Again he choked on the words, this time doubling over sharply against the pain of his wounds. Brin reached out and caught him, held him upright, close against her.

“Don’t talk anymore,” she whispered, tears filling her eyes.

Slowly he pulled away from her, straightening. Blood coated her hands and arms where she had held him.

A faint, ironical smile flickered on his lips. “The Wraiths think that I am the one they need fear—that I am the one who can destroy them.” He shook his head slowly. “They are wrong. You are the power, Brin. You are the one that… nothing can stand against.”

One hand fastened on her arm in a grip of iron. “Hear me well. Your father mistrusts the Elven magic; he fears what it can do. I tell you now that he has reason to mistrust it, Valegirl. The magic can be a thing of light or a thing of dark for the one who possesses it. It seems a toy, perhaps, but it has never been that. Be wary of its power. It is power like nothing I have ever seen. Keep it your own. Use it well, and it will see you safely through to the end of your quest. Use it well, and it will see the Ildatch destroyed!”

“Allanon, I cannot go on without you!” she cried softly, shaking her head in despair.

“You can and you must. As with your father… there is no one else.” His dark face lowered.

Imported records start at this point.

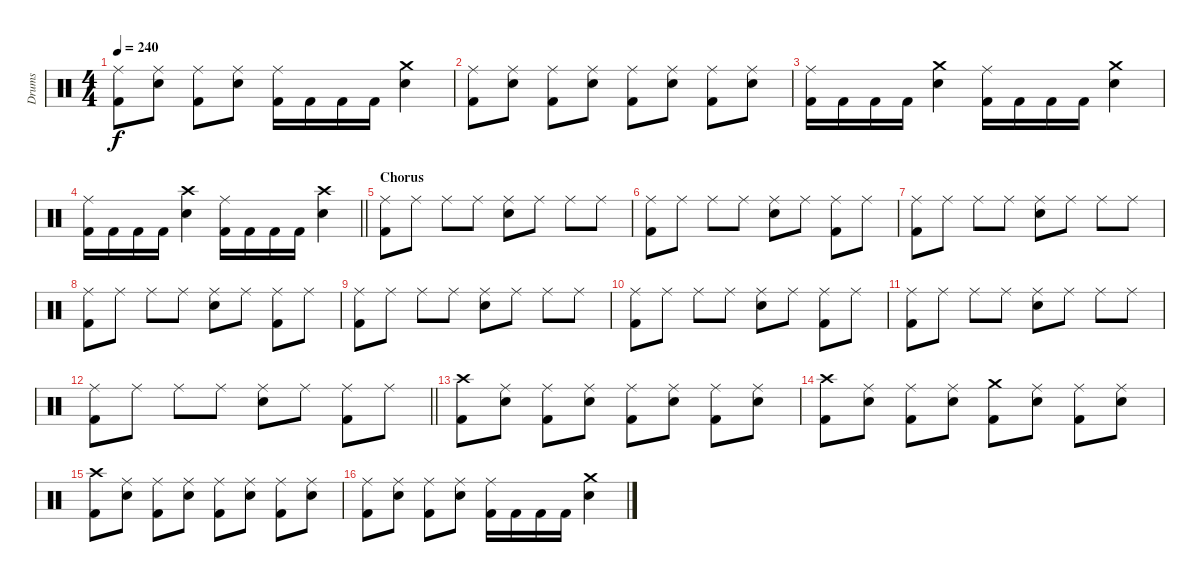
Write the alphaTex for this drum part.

\track ("Drums" "Drums") {instrument percussion}
\staff {score}
\articulation defaults
\ts (4 4)
\tempo 240
\clef neutral
\ks c
("Ride (middle)" "Kick (hit) 2").8{dy f} ("Ride (middle)" "Snare (hit) 2").8 ("Ride (middle)" "Kick (hit) 2").8 ("Ride (middle)" "Snare (hit) 2").8 ("Ride (middle)" "Kick (hit) 2").16 "Kick (hit) 2".16 "Kick (hit) 2".16 "Kick (hit) 2".16 ("Crash medium (hit)" "Snare (hit) 2").4 |
("Ride (middle)" "Kick (hit) 2").8 ("Ride (middle)" "Snare (hit) 2").8 ("Ride (middle)" "Kick (hit) 2").8 ("Ride (middle)" "Snare (hit) 2").8 ("Ride (middle)" "Kick (hit) 2").8 ("Ride (middle)" "Snare (hit) 2").8 ("Ride (middle)" "Kick (hit) 2").8 ("Ride (middle)" "Snare (hit) 2").8 |
("Ride (middle)" "Kick (hit) 2").16 "Kick (hit) 2".16 "Kick (hit) 2".16 "Kick (hit) 2".16 ("Crash medium (hit)" "Snare (hit) 2").4 ("Ride (middle)" "Kick (hit) 2").16 "Kick (hit) 2".16 "Kick (hit) 2".16 "Kick (hit) 2".16 ("Crash medium (hit)" "Snare (hit) 2").4 |
\barLineRight lightlight
("Ride (middle)" "Kick (hit) 2").16 "Kick (hit) 2".16 "Kick (hit) 2".16 "Kick (hit) 2".16 ("Crash high (hit)" "Snare (hit) 2").4 ("Ride (middle)" "Kick (hit) 2").16 "Kick (hit) 2".16 "Kick (hit) 2".16 "Kick (hit) 2".16 ("Crash high (hit)" "Snare (hit) 2").4 |
\section ("" "Chorus")
("Ride (middle)" "Kick (hit) 2").8 "Ride (middle)".8 "Ride (middle)".8 "Ride (middle)".8 ("Ride (middle)" "Snare (hit) 2").8 "Ride (middle)".8 "Ride (middle)".8 "Ride (middle)".8 |
("Ride (middle)" "Kick (hit) 2").8 "Ride (middle)".8 "Ride (middle)".8 "Ride (middle)".8 ("Ride (middle)" "Snare (hit) 2").8 "Ride (middle)".8 ("Ride (middle)" "Kick (hit) 2").8 "Ride (middle)".8 |
("Ride (middle)" "Kick (hit) 2").8 "Ride (middle)".8 "Ride (middle)".8 "Ride (middle)".8 ("Ride (middle)" "Snare (hit) 2").8 "Ride (middle)".8 "Ride (middle)".8 "Ride (middle)".8 |
("Ride (middle)" "Kick (hit) 2").8 "Ride (middle)".8 "Ride (middle)".8 "Ride (middle)".8 ("Ride (middle)" "Snare (hit) 2").8 "Ride (middle)".8 ("Ride (middle)" "Kick (hit) 2").8 "Ride (middle)".8 |
("Ride (middle)" "Kick (hit) 2").8 "Ride (middle)".8 "Ride (middle)".8 "Ride (middle)".8 ("Ride (middle)" "Snare (hit) 2").8 "Ride (middle)".8 "Ride (middle)".8 "Ride (middle)".8 |
("Ride (middle)" "Kick (hit) 2").8 "Ride (middle)".8 "Ride (middle)".8 "Ride (middle)".8 ("Ride (middle)" "Snare (hit) 2").8 "Ride (middle)".8 ("Ride (middle)" "Kick (hit) 2").8 "Ride (middle)".8 |
("Ride (middle)" "Kick (hit) 2").8 "Ride (middle)".8 "Ride (middle)".8 "Ride (middle)".8 ("Ride (middle)" "Snare (hit) 2").8 "Ride (middle)".8 "Ride (middle)".8 "Ride (middle)".8 |
\barLineRight lightlight
("Ride (middle)" "Kick (hit) 2").8 "Ride (middle)".8 "Ride (middle)".8 "Ride (middle)".8 ("Ride (middle)" "Snare (hit) 2").8 "Ride (middle)".8 ("Ride (middle)" "Kick (hit) 2").8 "Ride (middle)".8 |
\section ("" "")
("Crash high (hit)" "Kick (hit) 2").8 ("Ride (middle)" "Snare (hit) 2").8 ("Ride (middle)" "Kick (hit) 2").8 ("Ride (middle)" "Snare (hit) 2").8 ("Ride (middle)" "Kick (hit) 2").8 ("Ride (middle)" "Snare (hit) 2").8 ("Ride (middle)" "Kick (hit) 2").8 ("Ride (middle)" "Snare (hit) 2").8 |
("Crash high (hit)" "Kick (hit) 2").8 ("Ride (middle)" "Snare (hit) 2").8 ("Ride (middle)" "Kick (hit) 2").8 ("Ride (middle)" "Snare (hit) 2").8 ("Crash medium (hit)" "Kick (hit) 2").8 ("Ride (middle)" "Snare (hit) 2").8 ("Ride (middle)" "Kick (hit) 2").8 ("Ride (middle)" "Snare (hit) 2").8 |
("Crash high (hit)" "Kick (hit) 2").8 ("Ride (middle)" "Snare (hit) 2").8 ("Ride (middle)" "Kick (hit) 2").8 ("Ride (middle)" "Snare (hit) 2").8 ("Ride (middle)" "Kick (hit) 2").8 ("Ride (middle)" "Snare (hit) 2").8 ("Ride (middle)" "Kick (hit) 2").8 ("Ride (middle)" "Snare (hit) 2").8 |
("Ride (middle)" "Kick (hit) 2").8 ("Ride (middle)" "Snare (hit) 2").8 ("Ride (middle)" "Kick (hit) 2").8 ("Ride (middle)" "Snare (hit) 2").8 ("Ride (middle)" "Kick (hit) 2").16 "Kick (hit) 2".16 "Kick (hit) 2".16 "Kick (hit) 2".16 ("Crash medium (hit)" "Snare (hit) 2").4

She nodded dumbly, barely hearing him, lost in the jumble of emotions that raged within her as she fought back against the inevitability of what was happening.

“The age passes,” Allanon whispered and the black eyes glistened. “So must the Druids pass with it.” His hand lifted to fall gently on hers. “But the trust I carry for them must not pass, Valegirl. It must remain with those who live. That trust I give now to you. Bend close.”

Brin Ohmsford leaned forward until her face was directly before his. Slowly, painfully, the Druid slipped one hand within the shredded robes to his chest, then brought it forth again, the fingers dipped into his own blood. Gently he touched her forehead. Holding the fingers to her flesh, warm with his lifeblood, he spoke softly in a language she had never heard. Something of his touch and of the words seemed to seep into her, filling her with a rush of exhilaration that swept across her vision in a surge of blinding color and then was gone.